According to GDB, there is no available vring
(gdb) up
#1 0x00007f13cb53412e in virtqueue_num_heads (vq=0x7f13ce28d4c0, idx=592)
    at /tmp/qemu/qemu-2.5.0/hw/virtio/virtio.c:320
320 exit(1);
(gdb) p num_heads
$1 = 64944
(gdb) p vq->vring.num
$2 = 256
(gdb) p idx
$3 = 592
(gdb) p vring_avail_idx(vq)
$5 = 0

See original description
Revision history for this message
Julien Meunier (julien-meunier) wrote :

VMs network topology

description: updated
description: updated
Revision history for this message
Stefan Hajnoczi (stefanha) wrote : Re: [Qemu-devel] [Bug 1558175] [NEW] virtio: vm killed (Guest moved used index)

On Wed, Mar 16, 2016 at 05:22:07PM -0000, Julien Meunier wrote:
> I ran a DPDK application with virtio ports. If I killed and relaunched it, VM is
> killed by qemu with the following message:
> > qemu-system-x86_64: Guest moved used index from 571 to 0
>
> If I ran the same application with e1000 ports, I haven't this issue.
>
> Network topology
> ================
>
> I used two VM machines with last qemu-2.5 with two virtio-net netdevs. Both
> netdevs are connected through a VDE switch.
>
> On testnode, I used a Debian 8 (3.16) and virtio-net linux drivers. On DUT, I
> used a Ubuntu 14.04 (3.13) with DPDK (next/16_04) with virtio pmd.
>
> (Topology in attachment, launchpad does not support ascii-art)
>
> Steps
> =====
>
> 1. Start a DPDK application using virtio ports
> 2. Send traffic over those ports (using ping flood ...)
> 3. Kill this DPDK application (sending SIGKILL, making it crash etc...)
> 4. Restart this DPDK application with the same configuration
> 5. During EAL initialization, if an incoming packet is received on a virtio
>    port, qemu exits (error code 1) with the following message:
> > qemu-system-x86_64: Guest moved used index from 571 to 0

The DPDK application is not using the virtio-net device correctly. QEMU
will abort if the driver (application) is out of sync with the device.

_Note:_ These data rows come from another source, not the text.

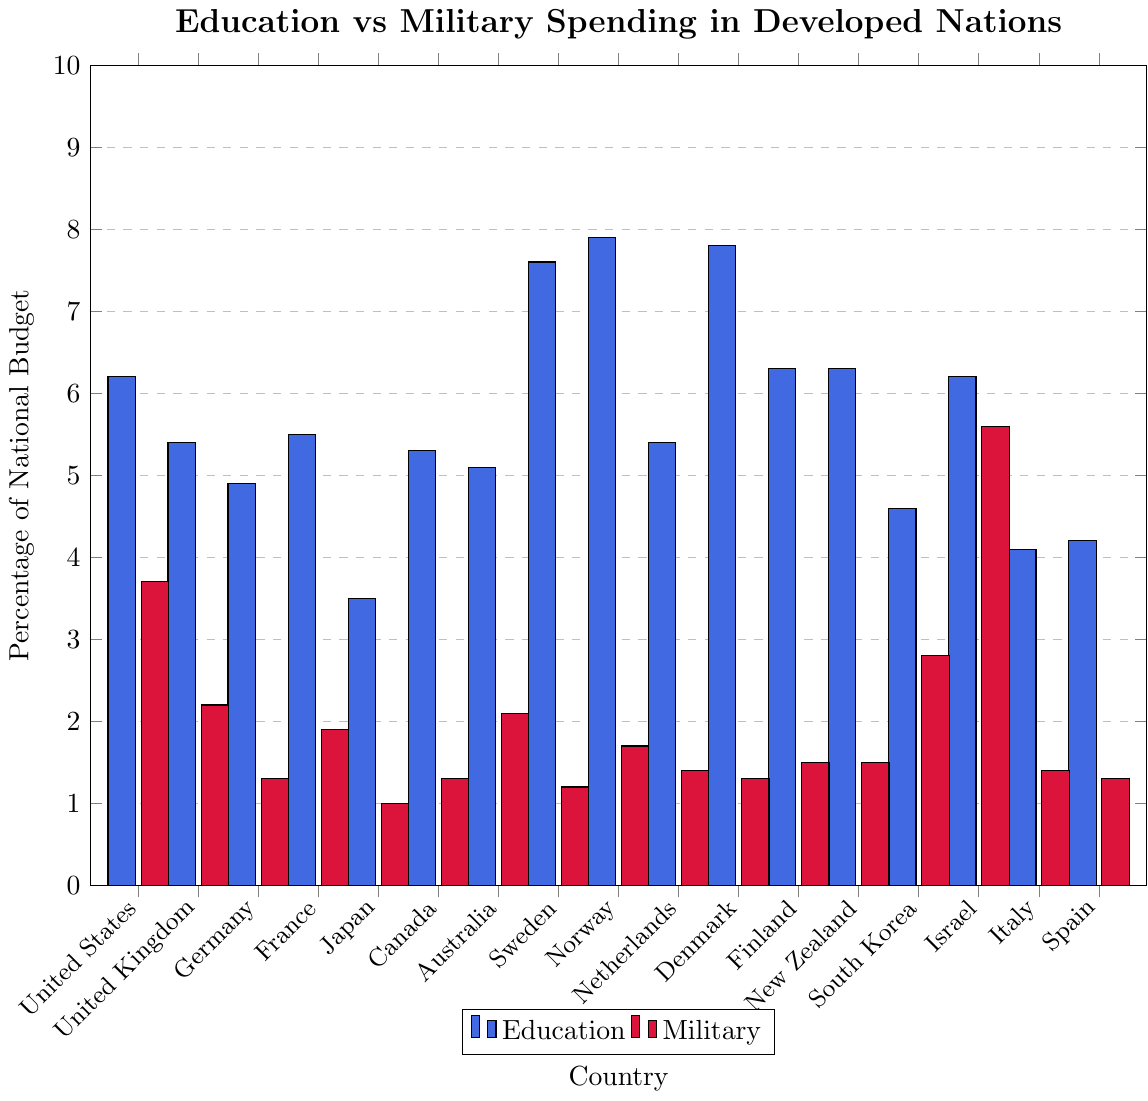Which country allocates the highest percentage of its national budget to education? The highest bar in the education category reflects the country with the biggest percentage allocation. Looking at the bars colored in blue for education, Norway has the tallest bar, showing 7.9%.
Answer: Norway Which country has the largest gap between education and military spending? To determine the largest gap, we need to assess the difference between the height of the blue bar (education) and the red bar (military) for each country. Israel's blue bar (6.2%) and red bar (5.6%) have a difference of 0.6%, which is greater than the differences for other countries' corresponding bars.
Answer: Israel What is the average percentage of the national budget allocated to education for the countries shown? Sum all education percentages and divide by the number of countries. (6.2+5.4+4.9+5.5+3.5+5.3+5.1+7.6+7.9+5.4+7.8+6.3+6.3+4.6+6.2+4.1+4.2) / 17 = 5.6%
Answer: 5.6% Which countries allocate more than twice as much of their national budget to education compared to military spending? We need to identify the countries where the height of the blue bar (education) is more than twice the height of the red bar (military). Norway (7.9% vs. 1.7%), Sweden (7.6% vs. 1.2%), Denmark (7.8% vs. 1.3%), Germany (4.9% vs. 1.3%), Finland (6.3% vs. 1.5%), New Zealand (6.3% vs. 1.5%), and the Netherlands (5.4% vs. 1.4%) all satisfy this condition.
Answer: Norway, Sweden, Denmark, Germany, Finland, New Zealand, Netherlands How does South Korea's military spending compare to that of the United States? Compare the height of South Korea's red bar (2.8%) to that of the United States (3.7%). 2.8% is less than 3.7%.
Answer: Less What is the combined percentage of the national budget allocated to education for Sweden, Norway, and Denmark? Add the education budget percentages of Sweden (7.6%), Norway (7.9%), and Denmark (7.8%). 7.6% + 7.9% + 7.8% = 23.3%
Answer: 23.3% Is the percentage of the national budget allocated to military spending in Japan greater or less than in Italy? Compare the heights of the red bars for Japan (1.0%) and Italy (1.4%). 1.0% is less than 1.4%.
Answer: Less Which three countries have the lowest education spending and what are their percentages? Identify the three shortest blue bars. Japan (3.5%), Spain (4.2%), and Italy (4.1%) have the lowest percentages.
Answer: Japan, Spain, Italy (3.5%, 4.2%, 4.1%) What is the difference in the total percentage of the national budgets allocated to military spending between the United States and France? Subtract France’s military spending percentage (1.9%) from the United States’ (3.7%). 3.7% - 1.9% = 1.8%
Answer: 1.8% Which country has the smallest percentage of its budget allocated to military spending, and what is the value? The smallest red bar indicates the country with the lowest military spending. Japan, with a red bar representing 1.0%, has the lowest value.
Answer: Japan (1.0%) 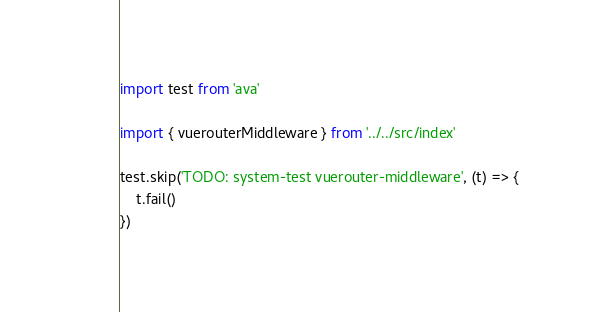<code> <loc_0><loc_0><loc_500><loc_500><_TypeScript_>import test from 'ava'

The application probably needs to do an explicit virtio device reset in
order to reinitialize the vrings.

This ungraceful exit isn't pretty but it is shows there is a bug with
the driver. Please contact the application authors to fix the
application (it must reset the device explicitly to initialize it).

Stefan

Revision history for this message
Laszlo Ersek (Red Hat) (lersek) wrote :

Stefan, I too had the same immediate idea upon seeing this bug report. But, after I skimmed the DPDK code briefly, I think it does reset the virtio-net device correctly, before it tries to use it.

Instead, at least based on the extensive log that Julien pasted, I believe the following happens: when the first instance of testpmd is killed ungracefully, it gets no chance at resetting the virtio-net device at shutdown. The vtpci_reset() call in virtio_dev_close() is likely never reached. This leaves the virtio queues alive, as far as QEMU is concerned, but in the guest, the memory that used to cover them goes away.

So when the second instance of testpmd is started, and a bunch of memory is allocated and written to, I think testpmd scribbles over the "leftover" live virtio queues that QEMU / KVM are still watching. The hypervisor is allowed to notice changes to the virtqueues without explicit guest notifications (hence the elaborate barrier stuff in the Linux kernel drivers, for example). I suspect things blow up before the second testpmd process even thinks about using virtio-net. (It is hard to confirm from the log that Julien pasted, because he snipped exactly the part that leads up to the failure.)

This failure mode (if my hunch is correct) is special to DPDK, I think. In a normal guest kernel scenario, the memory that covers the virtqueues is managed by the kernel, and you can't just kill the kernel. You might be able to unload the virtio-net driver module, but for that one has to tear down the corresponding ethX interfaces first, and I'm quite sure the virtio-net devices will be re-set then.

We've seen the exact same problem with iPXE (in UEFI guests) as well, when iPXE would transfer control to the kernel or another payload; but iPXE got fixed: it now disconnects the virtio-net NIC (and other NICs too) in the ExitBootServices() callback. (I'm not perfectly happy with that fix for unrelated reasons, but it definitely covers this issue.)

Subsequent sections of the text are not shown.